って事で、今手の届く範囲で調べれる限り調べてみました。
今回のnoteは、知っていてもあまり役には立たないかもしれませんが、読んでみると「へー(o・ω・o)」となるnoteです。
■ヒトの腸内菌の分類
今回は2つの文献を参照させていただきました。
⇒ヒトの腸内菌の分類に関する総論/平山和宏(東京大学大学院農学生命科学研究科獣医公衆衛生学教室)
⇒「ヒト腸内グラム陽性細菌の分類の現状–嫌気性Phylum FirmicutesおよびPhylum Actinobactreriaを中心に」藤澤倫彦(日本獣医生命科学大学応用生命科学部・食品衛生学教室)

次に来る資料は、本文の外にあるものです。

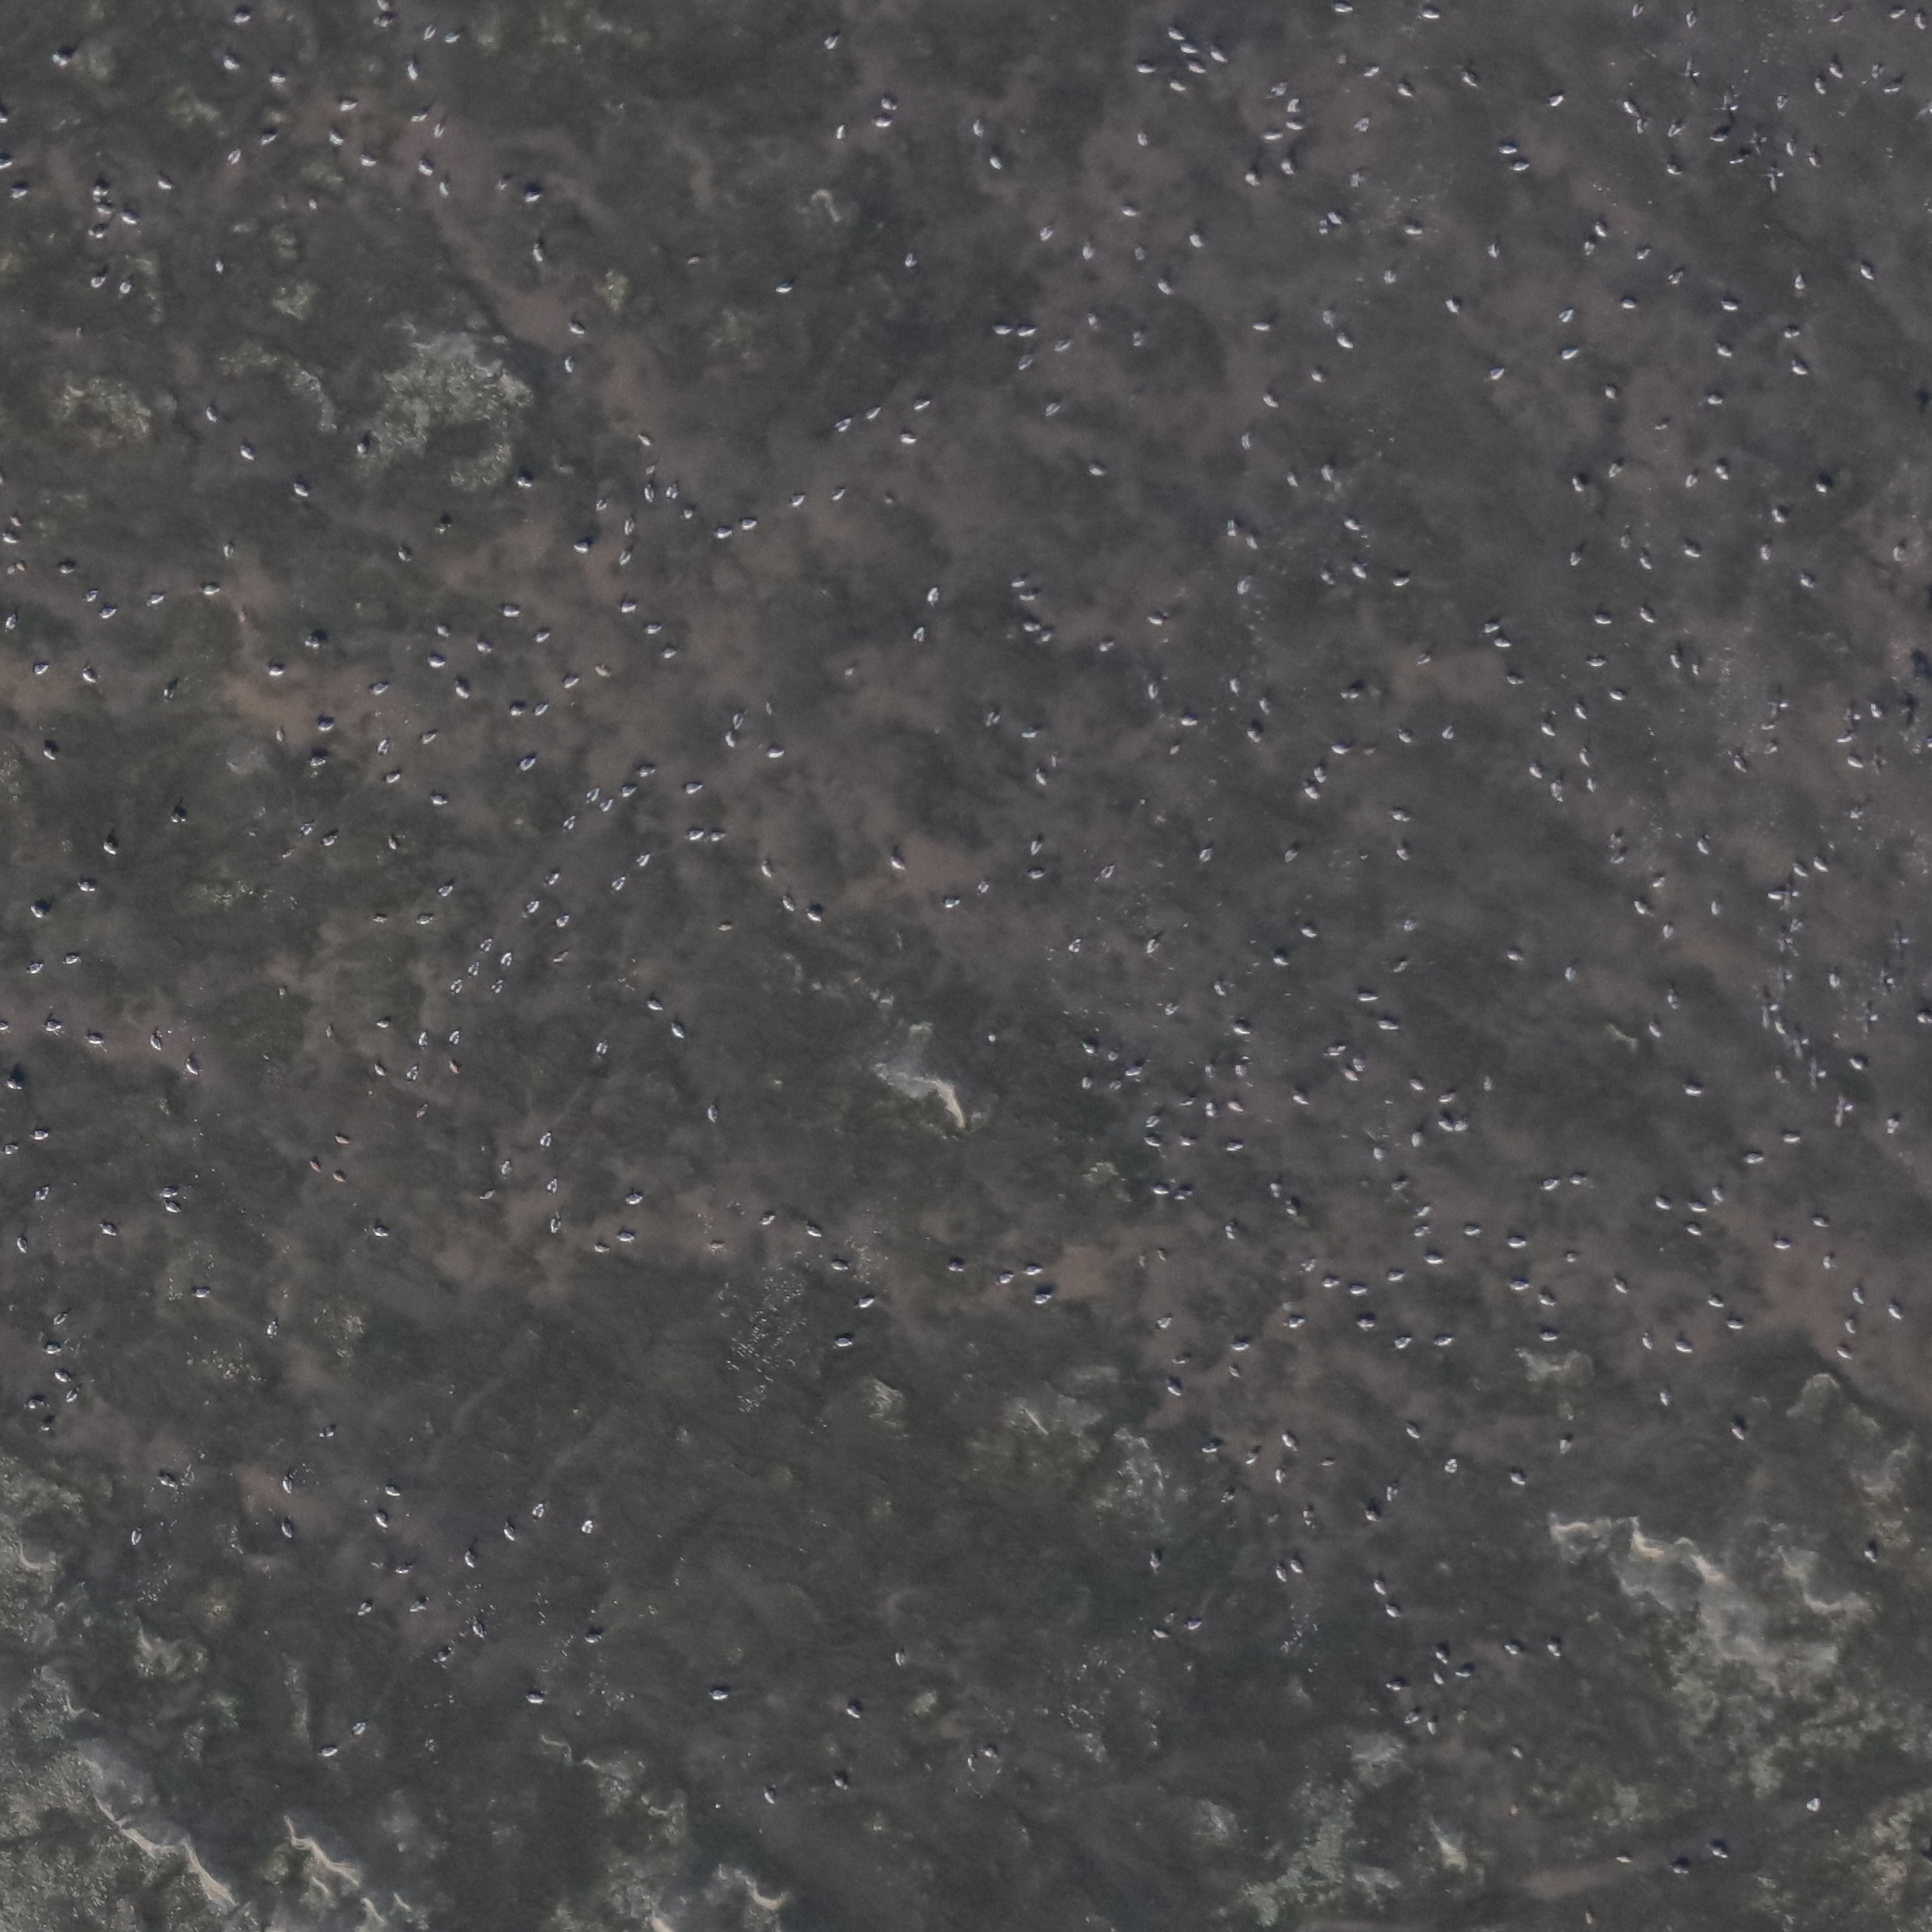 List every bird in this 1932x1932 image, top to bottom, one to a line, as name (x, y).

上記文献では、ヒトの腸内で特定されているのは965種類。
ちなみにこれは2014年時点で、1267の検体から採取した988万個の遺伝子から特定されたものです。
なお、まだ分類ができていない種類もあるようです。
電子顕微鏡で見たところで外見の差では種の違いや亜種の特定ができないミクロの世界。遺伝子レベルで特定しなければならないので致し方ないことでしょう。
今後の研究に期待が膨らみます(o・ω・o)
■腸内細菌の生物分類
『細菌』と一口に言っても滅茶苦茶な種類が存在するのは想像に難くありません。
細菌は大まかに、
『古細菌[Archaea:アーキア]』と、
『真正細菌[Bacteria:バクテリア]』
の2ドメインに分かれています。
さらに『古細菌[Archaea:アーキア]』は5門
『真正細菌[Bacteria:バクテリア]』は30門
に分かれています。
そして、ヒトの腸内には、
アーキアドメイン5門の内、Euryarchaeota門に属する1門の菌と、バクテリアドメイン30門中の11門の菌、合わせて12門の菌種が存在していることが判明しています。
はい(o・ω・o)この辺りでもう頭が痛いです。種類が多すぎて。生物学分類数が多すぎて。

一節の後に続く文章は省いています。